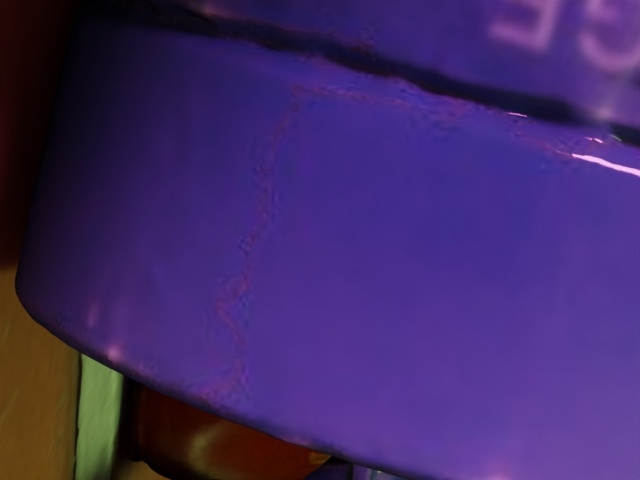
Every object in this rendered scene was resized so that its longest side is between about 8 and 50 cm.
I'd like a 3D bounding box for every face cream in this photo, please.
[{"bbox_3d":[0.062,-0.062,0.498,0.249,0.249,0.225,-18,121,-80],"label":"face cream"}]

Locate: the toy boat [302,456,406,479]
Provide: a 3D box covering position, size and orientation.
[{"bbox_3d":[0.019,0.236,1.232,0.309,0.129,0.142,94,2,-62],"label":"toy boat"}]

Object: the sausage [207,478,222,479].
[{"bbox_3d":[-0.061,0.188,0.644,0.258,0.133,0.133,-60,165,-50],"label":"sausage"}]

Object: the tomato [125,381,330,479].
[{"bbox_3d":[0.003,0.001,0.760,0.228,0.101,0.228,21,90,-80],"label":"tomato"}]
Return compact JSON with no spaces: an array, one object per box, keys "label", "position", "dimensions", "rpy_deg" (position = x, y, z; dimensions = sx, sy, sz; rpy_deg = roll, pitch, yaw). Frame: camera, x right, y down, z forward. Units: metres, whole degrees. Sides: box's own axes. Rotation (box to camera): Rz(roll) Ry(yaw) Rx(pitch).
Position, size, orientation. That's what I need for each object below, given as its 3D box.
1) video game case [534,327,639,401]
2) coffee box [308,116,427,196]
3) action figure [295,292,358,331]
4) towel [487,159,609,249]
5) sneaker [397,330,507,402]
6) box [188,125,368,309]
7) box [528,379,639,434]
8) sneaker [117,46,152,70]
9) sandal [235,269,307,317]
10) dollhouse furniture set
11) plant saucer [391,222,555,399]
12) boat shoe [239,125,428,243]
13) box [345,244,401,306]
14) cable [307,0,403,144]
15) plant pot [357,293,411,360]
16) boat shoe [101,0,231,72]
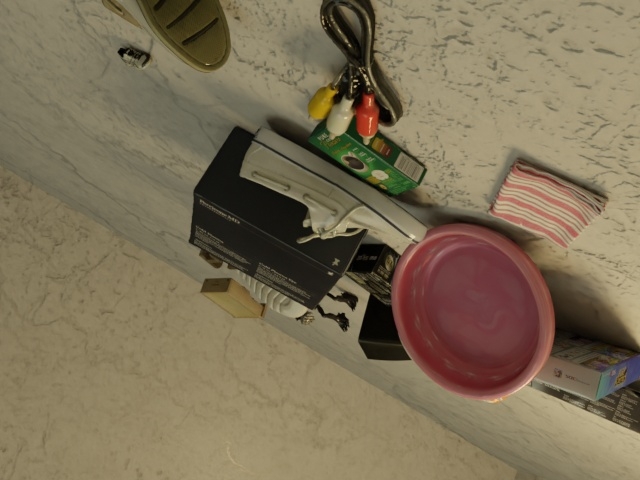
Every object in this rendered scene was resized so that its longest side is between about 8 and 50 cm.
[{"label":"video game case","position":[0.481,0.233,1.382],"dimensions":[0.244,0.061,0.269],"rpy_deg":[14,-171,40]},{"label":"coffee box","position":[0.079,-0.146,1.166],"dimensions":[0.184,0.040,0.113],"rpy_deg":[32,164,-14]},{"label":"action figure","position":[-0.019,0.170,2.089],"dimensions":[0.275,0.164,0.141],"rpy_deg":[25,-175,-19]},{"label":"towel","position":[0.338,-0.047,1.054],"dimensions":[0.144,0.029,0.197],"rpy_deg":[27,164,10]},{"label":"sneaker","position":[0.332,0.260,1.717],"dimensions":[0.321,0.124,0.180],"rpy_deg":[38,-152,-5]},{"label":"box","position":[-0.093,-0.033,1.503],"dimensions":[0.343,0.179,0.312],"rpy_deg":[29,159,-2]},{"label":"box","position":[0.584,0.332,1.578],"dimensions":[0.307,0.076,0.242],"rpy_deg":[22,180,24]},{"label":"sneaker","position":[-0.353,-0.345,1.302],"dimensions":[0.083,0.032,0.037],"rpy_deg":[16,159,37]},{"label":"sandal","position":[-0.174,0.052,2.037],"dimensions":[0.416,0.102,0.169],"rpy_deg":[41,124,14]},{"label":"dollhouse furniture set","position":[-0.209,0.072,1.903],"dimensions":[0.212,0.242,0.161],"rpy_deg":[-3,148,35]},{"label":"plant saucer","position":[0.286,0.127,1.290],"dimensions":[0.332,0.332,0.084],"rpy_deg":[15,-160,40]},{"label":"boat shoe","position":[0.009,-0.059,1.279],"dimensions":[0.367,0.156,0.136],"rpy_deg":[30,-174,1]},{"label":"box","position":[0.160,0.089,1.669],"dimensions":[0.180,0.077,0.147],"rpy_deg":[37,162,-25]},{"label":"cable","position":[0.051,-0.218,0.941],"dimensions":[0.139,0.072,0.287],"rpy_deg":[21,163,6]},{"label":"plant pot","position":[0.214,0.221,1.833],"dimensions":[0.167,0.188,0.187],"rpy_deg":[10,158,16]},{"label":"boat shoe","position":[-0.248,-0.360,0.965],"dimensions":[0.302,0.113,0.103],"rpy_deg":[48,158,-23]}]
++++
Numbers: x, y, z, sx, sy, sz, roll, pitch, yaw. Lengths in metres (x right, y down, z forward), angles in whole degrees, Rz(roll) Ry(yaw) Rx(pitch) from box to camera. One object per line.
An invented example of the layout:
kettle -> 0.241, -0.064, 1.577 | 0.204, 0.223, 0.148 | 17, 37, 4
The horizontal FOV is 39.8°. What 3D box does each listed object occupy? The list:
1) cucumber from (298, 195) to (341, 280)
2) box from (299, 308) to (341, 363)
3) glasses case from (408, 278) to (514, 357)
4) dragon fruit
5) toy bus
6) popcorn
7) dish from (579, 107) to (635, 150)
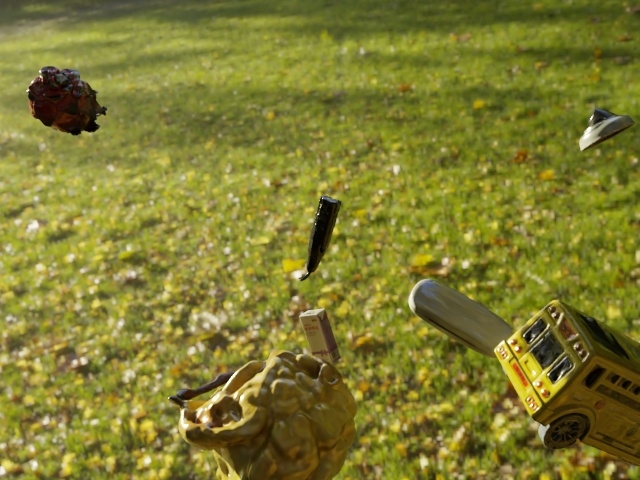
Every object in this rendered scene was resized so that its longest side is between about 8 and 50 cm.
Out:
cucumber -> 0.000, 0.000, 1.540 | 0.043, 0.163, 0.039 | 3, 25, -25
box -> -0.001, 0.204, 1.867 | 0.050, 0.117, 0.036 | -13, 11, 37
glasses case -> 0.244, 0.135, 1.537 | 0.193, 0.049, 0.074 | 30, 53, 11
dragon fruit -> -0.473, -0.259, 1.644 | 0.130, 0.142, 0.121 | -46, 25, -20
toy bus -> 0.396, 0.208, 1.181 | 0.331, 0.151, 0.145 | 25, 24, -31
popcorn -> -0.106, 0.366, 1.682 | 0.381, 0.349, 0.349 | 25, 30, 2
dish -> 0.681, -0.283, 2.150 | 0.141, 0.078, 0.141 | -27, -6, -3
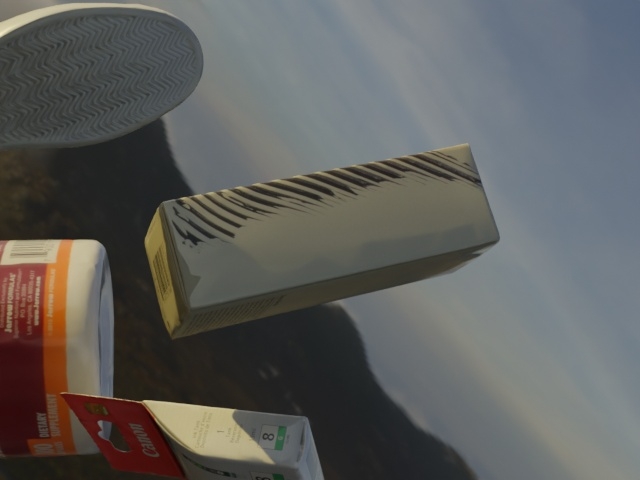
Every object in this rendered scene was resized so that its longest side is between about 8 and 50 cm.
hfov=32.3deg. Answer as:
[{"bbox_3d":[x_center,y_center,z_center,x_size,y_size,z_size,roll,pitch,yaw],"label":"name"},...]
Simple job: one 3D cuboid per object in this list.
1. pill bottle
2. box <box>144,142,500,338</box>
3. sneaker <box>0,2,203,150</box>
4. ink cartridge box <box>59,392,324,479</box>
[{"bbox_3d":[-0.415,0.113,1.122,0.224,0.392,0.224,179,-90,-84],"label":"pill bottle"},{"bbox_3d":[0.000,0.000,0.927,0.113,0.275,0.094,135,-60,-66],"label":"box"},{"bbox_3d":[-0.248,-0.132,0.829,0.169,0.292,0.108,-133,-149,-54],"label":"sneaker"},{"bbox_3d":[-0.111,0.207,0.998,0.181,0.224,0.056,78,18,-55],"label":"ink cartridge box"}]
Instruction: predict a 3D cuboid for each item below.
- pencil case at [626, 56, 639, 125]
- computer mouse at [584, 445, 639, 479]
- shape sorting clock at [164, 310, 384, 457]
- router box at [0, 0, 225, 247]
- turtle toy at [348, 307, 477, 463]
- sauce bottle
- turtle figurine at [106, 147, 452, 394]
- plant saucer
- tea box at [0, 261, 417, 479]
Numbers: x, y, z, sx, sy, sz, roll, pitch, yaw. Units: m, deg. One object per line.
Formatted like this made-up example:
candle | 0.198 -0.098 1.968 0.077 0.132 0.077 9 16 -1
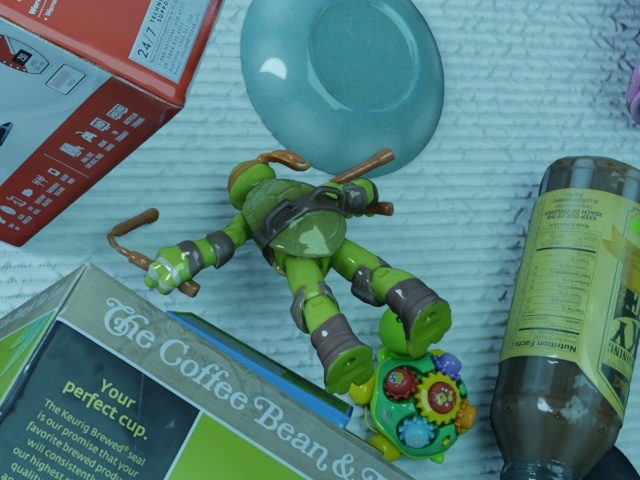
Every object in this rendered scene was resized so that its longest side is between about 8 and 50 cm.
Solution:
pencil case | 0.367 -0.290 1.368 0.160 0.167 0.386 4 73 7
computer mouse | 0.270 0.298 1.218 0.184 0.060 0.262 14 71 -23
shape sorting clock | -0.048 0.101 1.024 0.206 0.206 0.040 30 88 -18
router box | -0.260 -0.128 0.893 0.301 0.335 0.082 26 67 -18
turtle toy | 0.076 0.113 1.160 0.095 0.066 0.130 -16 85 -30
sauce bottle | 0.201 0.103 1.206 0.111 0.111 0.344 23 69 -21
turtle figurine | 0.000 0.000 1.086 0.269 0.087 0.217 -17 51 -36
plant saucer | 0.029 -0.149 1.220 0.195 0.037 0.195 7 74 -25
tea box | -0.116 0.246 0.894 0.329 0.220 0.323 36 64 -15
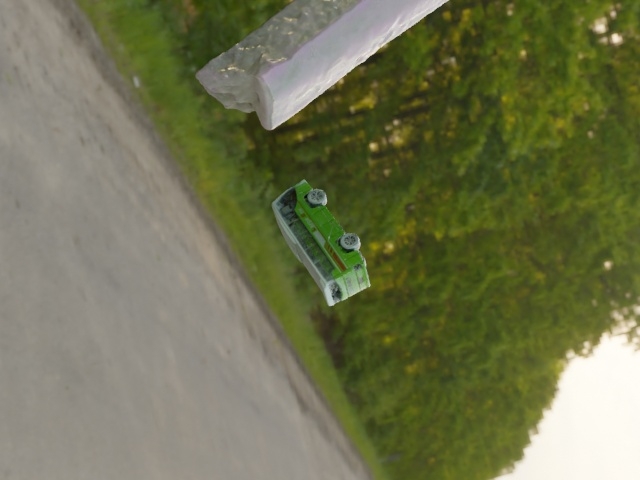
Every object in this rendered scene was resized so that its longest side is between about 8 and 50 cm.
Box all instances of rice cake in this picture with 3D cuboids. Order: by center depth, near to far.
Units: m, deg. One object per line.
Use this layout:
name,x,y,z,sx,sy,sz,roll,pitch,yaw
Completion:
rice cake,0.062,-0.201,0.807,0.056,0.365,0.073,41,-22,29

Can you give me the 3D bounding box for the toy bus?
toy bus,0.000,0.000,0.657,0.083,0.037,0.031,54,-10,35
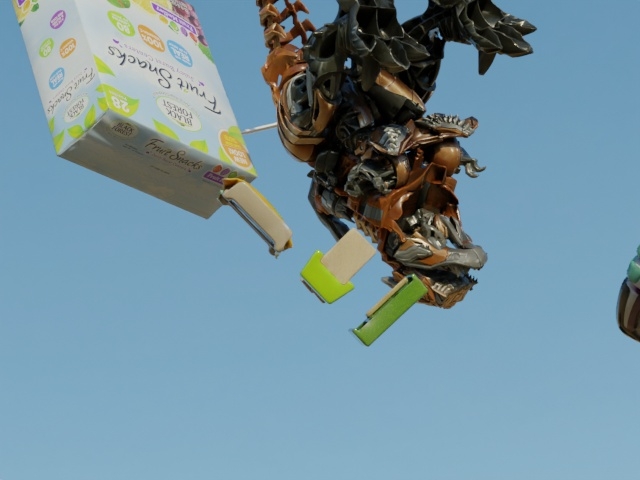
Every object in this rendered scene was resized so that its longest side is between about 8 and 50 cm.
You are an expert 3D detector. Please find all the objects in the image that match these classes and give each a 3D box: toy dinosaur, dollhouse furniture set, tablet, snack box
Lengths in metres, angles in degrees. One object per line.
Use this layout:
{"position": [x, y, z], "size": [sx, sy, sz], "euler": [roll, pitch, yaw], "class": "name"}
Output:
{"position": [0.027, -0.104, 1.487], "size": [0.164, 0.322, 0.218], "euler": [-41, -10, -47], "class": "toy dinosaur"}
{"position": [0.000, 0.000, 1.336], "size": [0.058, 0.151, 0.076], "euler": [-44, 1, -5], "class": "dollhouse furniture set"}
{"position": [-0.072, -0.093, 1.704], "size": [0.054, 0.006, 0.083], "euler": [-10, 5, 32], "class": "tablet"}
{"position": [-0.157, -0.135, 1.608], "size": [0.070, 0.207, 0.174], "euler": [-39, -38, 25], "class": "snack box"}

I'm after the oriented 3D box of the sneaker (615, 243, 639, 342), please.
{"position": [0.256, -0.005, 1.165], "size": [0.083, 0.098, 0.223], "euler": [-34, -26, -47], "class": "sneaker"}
++++
**WORK INSTRUCTION:** Could you repeat exactly the lines above from the line with "5) sneaker [397,330,507,402]" up to and including the line with "16) boat shoe [101,0,231,72]", and only those?

**YOUR RESPONSE:**
5) sneaker [397,330,507,402]
6) box [188,125,368,309]
7) box [528,379,639,434]
8) sneaker [117,46,152,70]
9) sandal [235,269,307,317]
10) dollhouse furniture set
11) plant saucer [391,222,555,399]
12) boat shoe [239,125,428,243]
13) box [345,244,401,306]
14) cable [307,0,403,144]
15) plant pot [357,293,411,360]
16) boat shoe [101,0,231,72]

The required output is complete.